### WHAT NEEDS TO BE DONE
Copy each line below as it stands, but skip any picture it contains.

---- DATASET ENTRIES

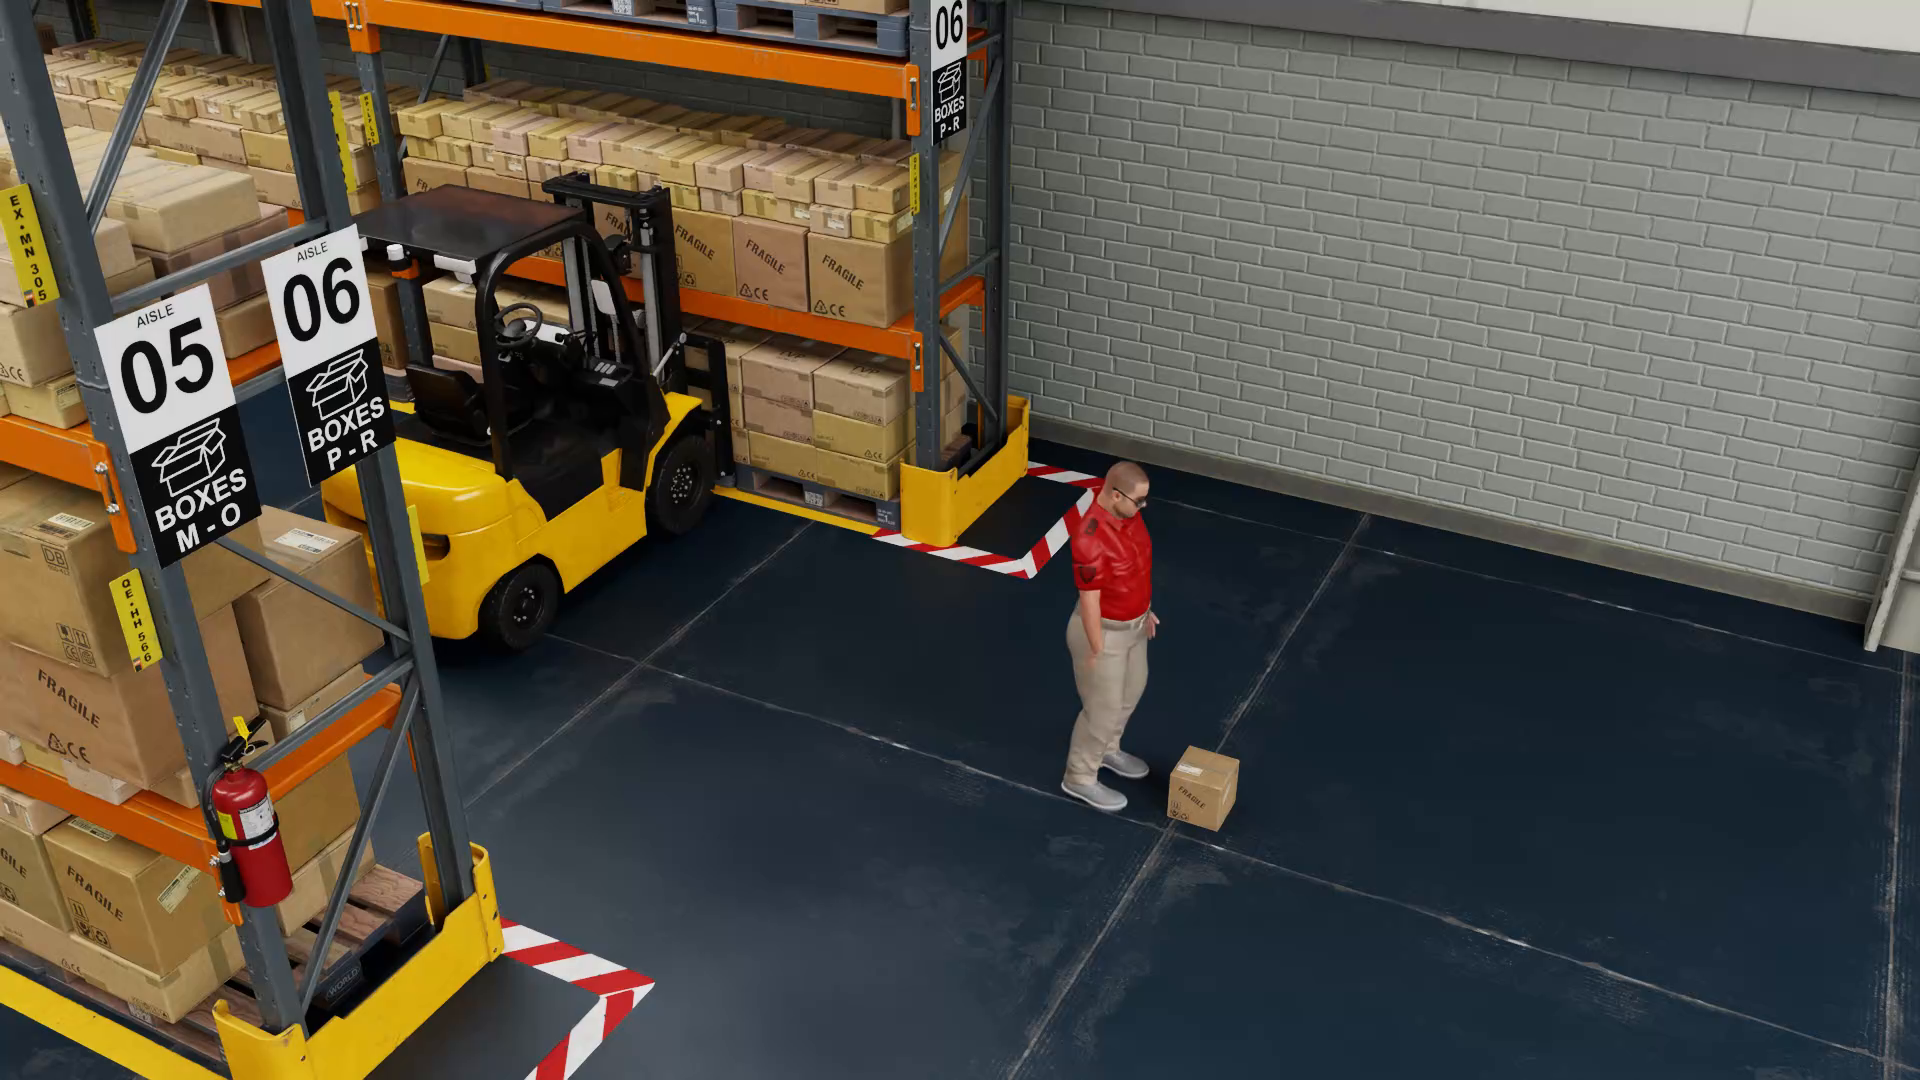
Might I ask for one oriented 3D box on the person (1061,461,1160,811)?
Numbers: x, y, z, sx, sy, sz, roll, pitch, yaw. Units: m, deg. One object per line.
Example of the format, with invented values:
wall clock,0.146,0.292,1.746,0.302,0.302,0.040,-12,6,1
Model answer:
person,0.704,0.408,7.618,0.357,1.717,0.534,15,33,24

--------

### TASK RESULT
Might I ask for one oriented 3D box on the person (1061,461,1160,811)?
Numbers: x, y, z, sx, sy, sz, roll, pitch, yaw. Units: m, deg. One object per line.
Example of the format, with invented values:
wall clock,0.146,0.292,1.746,0.302,0.302,0.040,-12,6,1
Model answer:
person,0.704,0.408,7.618,0.357,1.717,0.534,15,33,24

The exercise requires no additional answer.